[Stored entries]
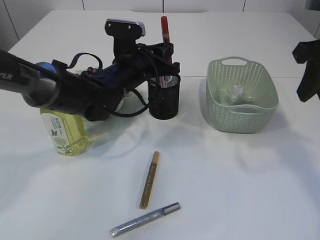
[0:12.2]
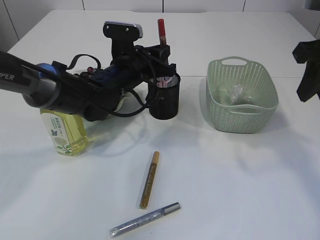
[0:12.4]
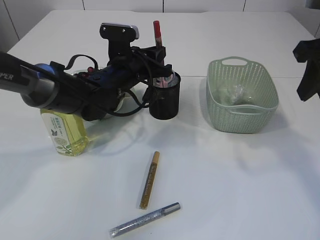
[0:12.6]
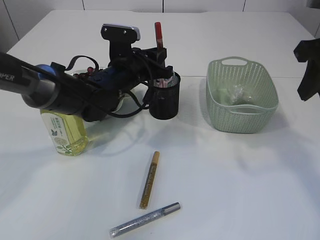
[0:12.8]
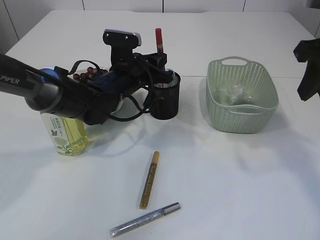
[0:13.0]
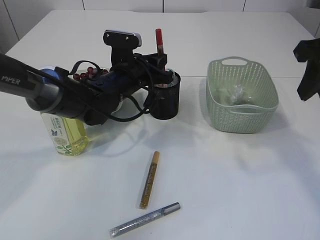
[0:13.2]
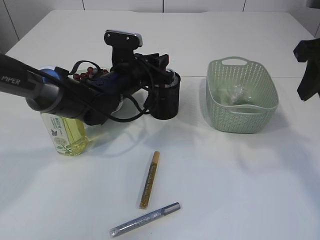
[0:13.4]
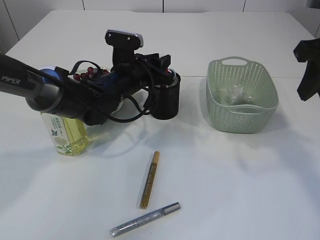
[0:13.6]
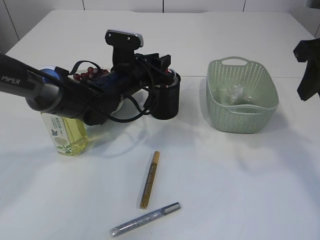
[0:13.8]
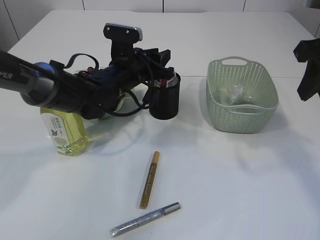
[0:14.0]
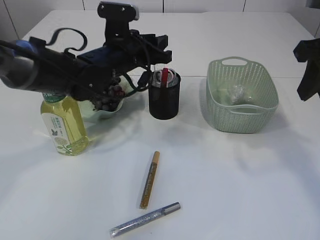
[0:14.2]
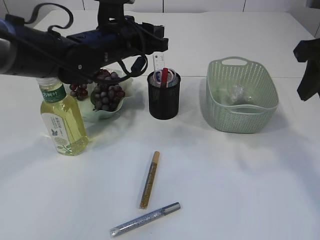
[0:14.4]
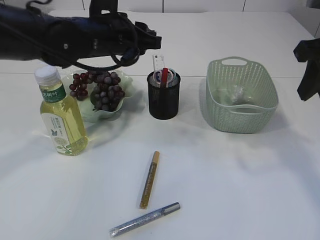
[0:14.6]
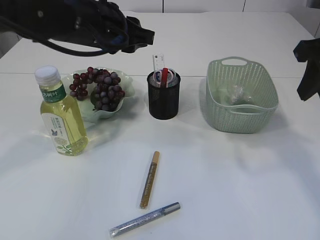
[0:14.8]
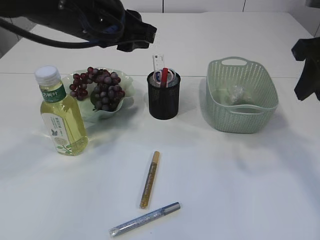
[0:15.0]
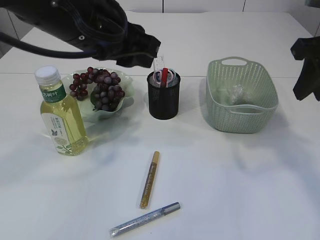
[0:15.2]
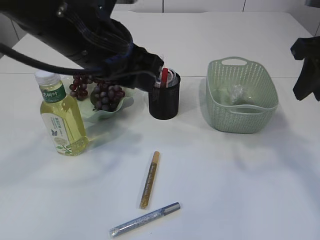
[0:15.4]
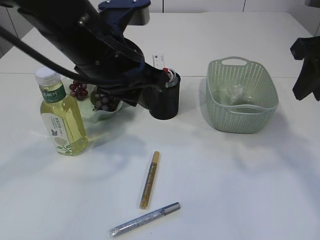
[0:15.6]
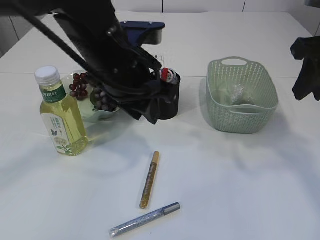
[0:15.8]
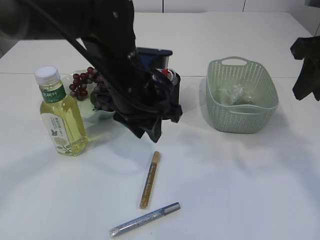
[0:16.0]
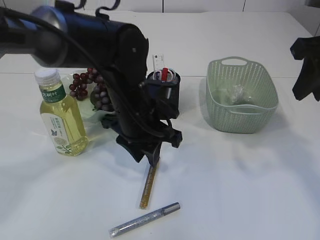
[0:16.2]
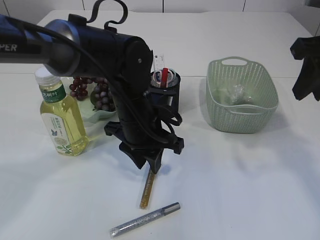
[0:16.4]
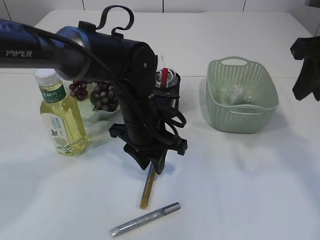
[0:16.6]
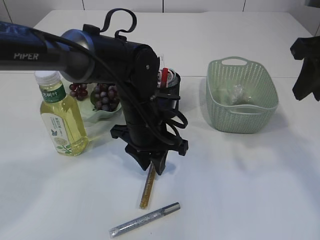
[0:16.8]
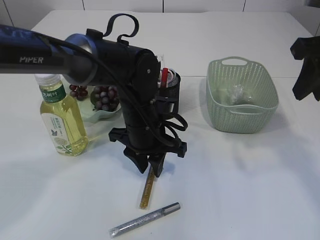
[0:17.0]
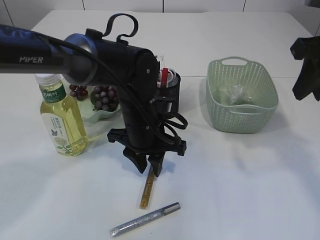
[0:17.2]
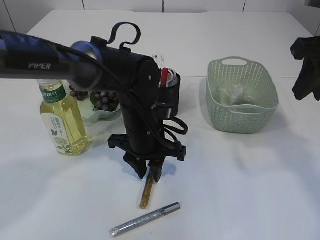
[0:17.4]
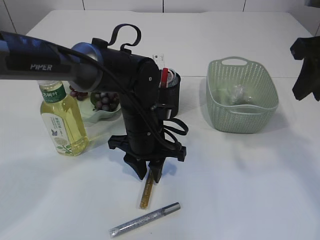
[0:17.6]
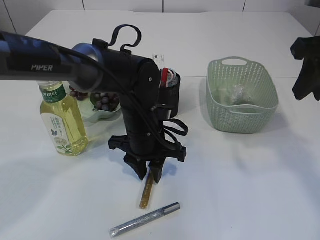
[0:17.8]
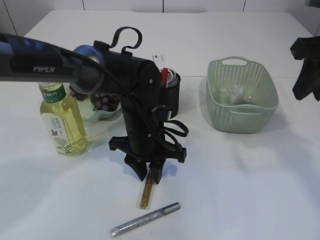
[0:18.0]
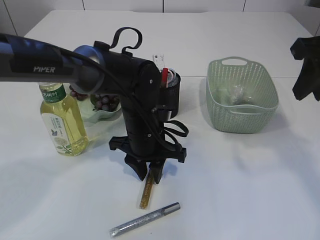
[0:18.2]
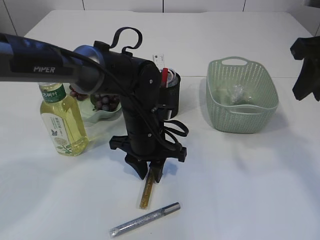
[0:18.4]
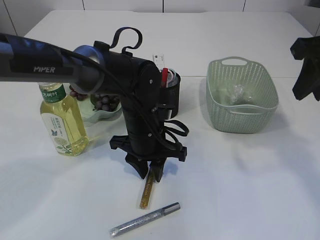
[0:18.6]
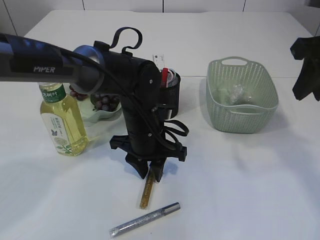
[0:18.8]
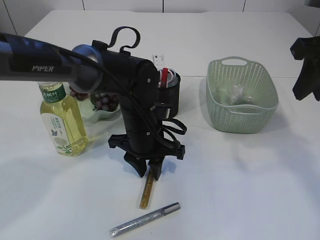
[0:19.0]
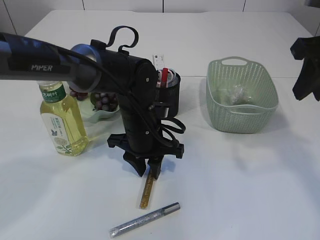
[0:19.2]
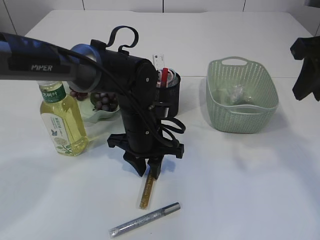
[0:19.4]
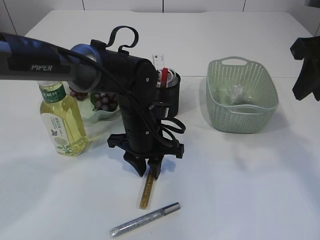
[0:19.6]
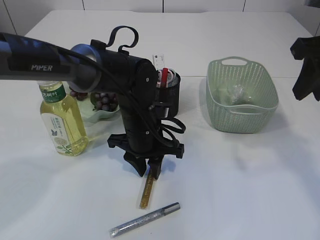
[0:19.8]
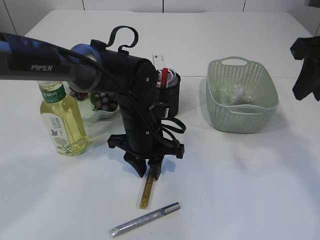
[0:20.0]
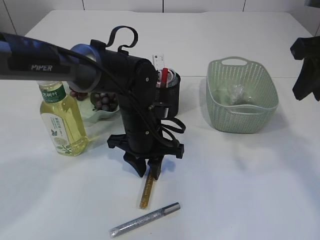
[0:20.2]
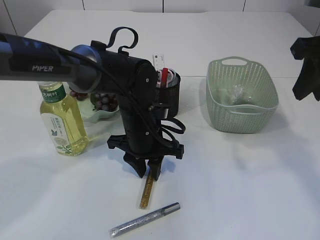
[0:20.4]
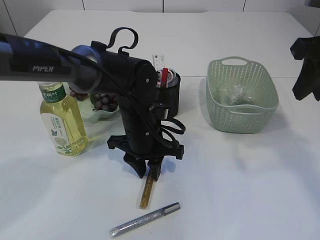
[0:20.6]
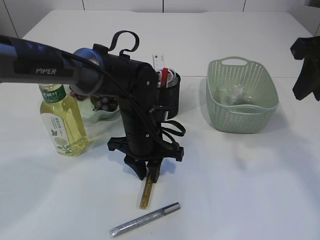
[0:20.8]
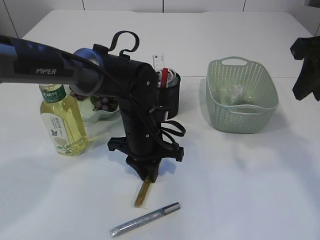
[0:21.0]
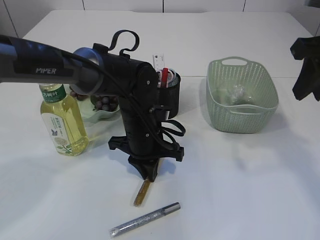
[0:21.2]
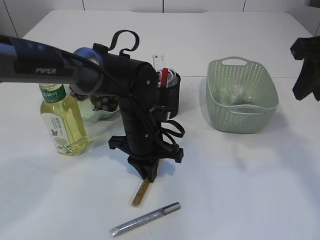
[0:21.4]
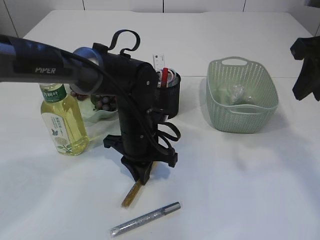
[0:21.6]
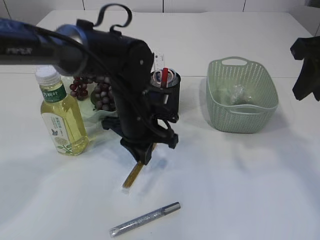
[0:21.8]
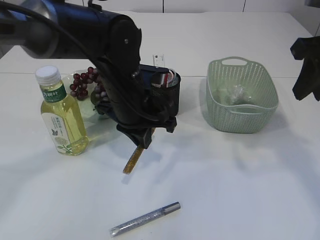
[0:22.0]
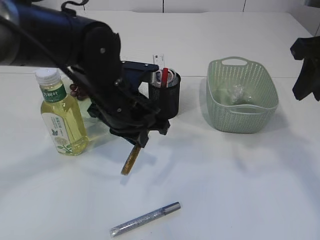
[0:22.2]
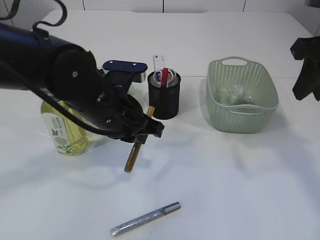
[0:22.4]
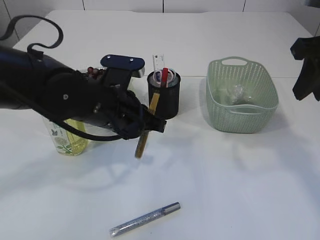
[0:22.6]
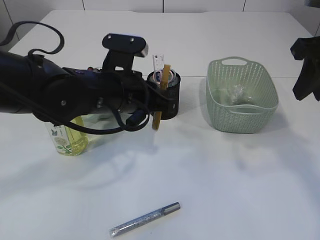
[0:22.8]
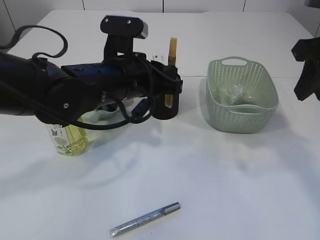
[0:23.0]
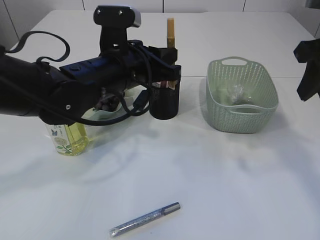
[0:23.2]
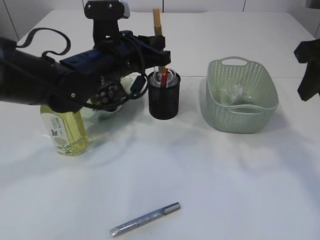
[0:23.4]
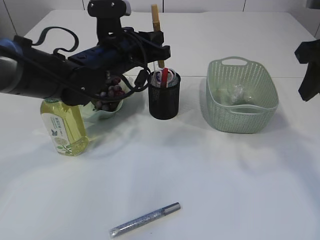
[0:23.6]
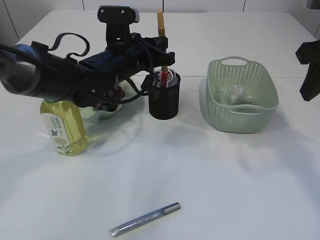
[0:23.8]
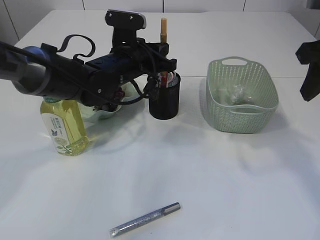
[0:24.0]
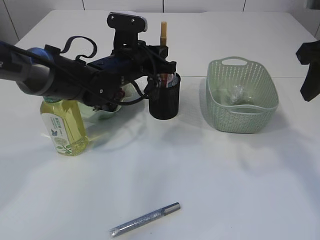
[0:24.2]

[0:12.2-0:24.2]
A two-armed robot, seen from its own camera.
Step, 0:12.2 to 0:14.8: place the red glue into the pen holder.
Step, 0:15.0 to 0:22.0: pick up the yellow glue.
0:12.2 to 0:13.8: There are only small adjustments of the grippers.
0:13.8 to 0:15.2: The left gripper goes some 20 cm upward and backward.
0:15.2 to 0:16.6: The left gripper shifts about 15 cm downward.
0:16.6 to 0:18.2: The grippers make only small movements.
0:18.2 to 0:19.8: The two grippers keep their place.
0:19.8 to 0:21.2: The left gripper closes.
0:21.2 to 0:22.6: The left gripper travels upward by some 10 cm.
0:22.6 to 0:24.2: The left gripper is displaced forward by roughly 10 cm.

→ INSTRUCTIONS FOR THE TASK
Omit every picture, and otherwise quote the entries exactly.

→ ANSWER BOX
[0:12.2]
[0:12.4]
[0:12.6]
[0:12.8]
[0:13.0]
[0:13.2]
[0:13.4]
[0:13.6]
[0:13.8]
[0:14.0]
[0:14.2]
[0:14.4]
[0:14.6]
[0:14.8]
[0:15.0]
[0:15.2]
[0:15.4]
[0:15.6]
[0:15.8]
[0:16.0]
[0:16.2]
[0:16.4]
[0:16.6]
[0:16.8]
[0:17.0]
[0:17.2]
[0:17.4]
[0:17.6]
[0:17.8]
[0:18.0]
[0:18.2]
[0:18.4]
[0:18.6]
[0:18.8]
[0:19.0]
[0:19.2]
[0:19.4]
[0:19.6]
[0:19.8]
[0:20.0]
[0:20.2]
[0:20.4]
[0:20.6]
[0:20.8]
[0:21.0]
[0:21.2]
[0:21.4]
[0:21.6]
[0:21.8]
[0:22.0]
[0:22.2]
[0:22.4]
[0:22.6]
[0:22.8]
[0:23.0]
[0:23.2]
[0:23.4]
[0:23.6]
[0:23.8]
[0:24.0]
[0:24.2]

[0:12.2-0:24.2]
A two-armed robot, seen from its own camera.
Step, 0:12.2 to 0:14.8: place the red glue into the pen holder.
Step, 0:15.0 to 0:22.0: pick up the yellow glue.
0:12.2 to 0:13.8: There are only small adjustments of the grippers.
0:13.8 to 0:15.2: The left gripper goes some 20 cm upward and backward.
0:15.2 to 0:16.6: The left gripper shifts about 15 cm downward.
0:16.6 to 0:18.2: The grippers make only small movements.
0:18.2 to 0:19.8: The two grippers keep their place.
0:19.8 to 0:21.2: The left gripper closes.
0:21.2 to 0:22.6: The left gripper travels upward by some 10 cm.
0:22.6 to 0:24.2: The left gripper is displaced forward by roughly 10 cm.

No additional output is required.